Several people said the most important thing was to keep food and trash secured. Coyotes may pass through naturally, but food smells can make them linger. Campers should never keep snacks in tents, especially with kids, because kids are famous for forgetting a wrapper or granola bar in a bag.
Others told the counselor to keep the kids inside the tent and avoid making a big production unless the coyotes were very close. If the animals were just howling nearby, commenters said the sound was probably scarier than the actual risk. Coyotes can sound like they are right on top of you even when they are farther away.
A few people recommended making noise if the coyotes came into camp.
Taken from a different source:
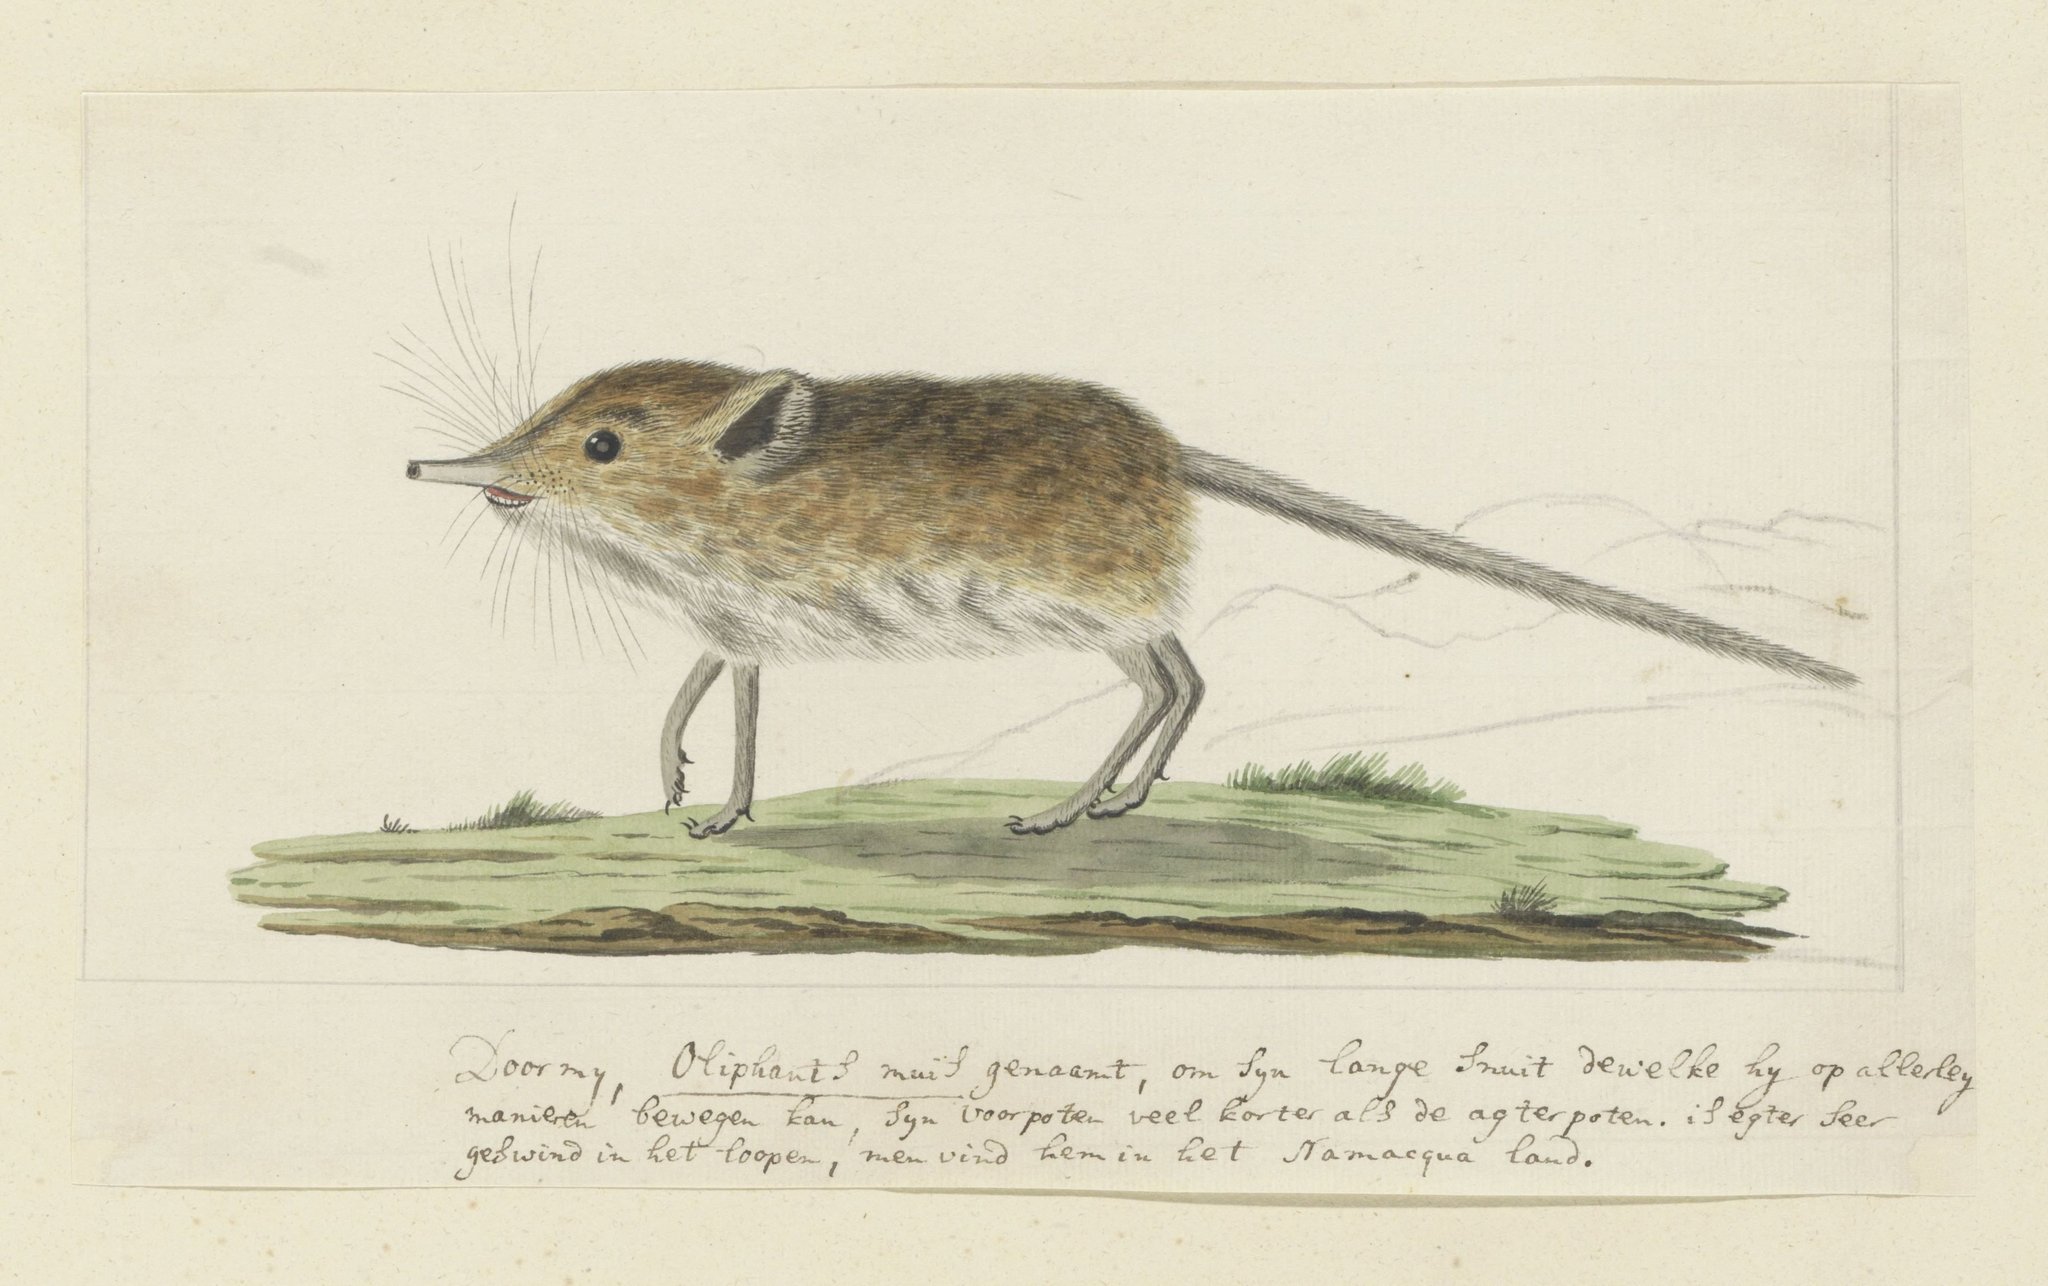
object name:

Yelling, clapping, banging pots, or shining lights can usually push them off. The idea is to remind them that people are present and that camp is not a quiet place to investigate.
Several commenters also focused on not scaring the kids. They suggested explaining it calmly if needed: coyotes live out here, we stay together, we keep food put away, and the adults are handling it. No dramatic warnings, no scary stories, no letting one nervous camper wind up the rest.
Some people said the counselor should alert other adults or camp staff if he was not the only person responsible. That way, nobody is handling a wildlife concern alone, and there is a shared plan if the coyotes stick around.
The best advice came down to calm control. Coyotes outside a tent can sound unnerving, but the response does not need to be chaotic. Keep the kids in, keep food out of the tent, make noise if needed, and let the animals move on.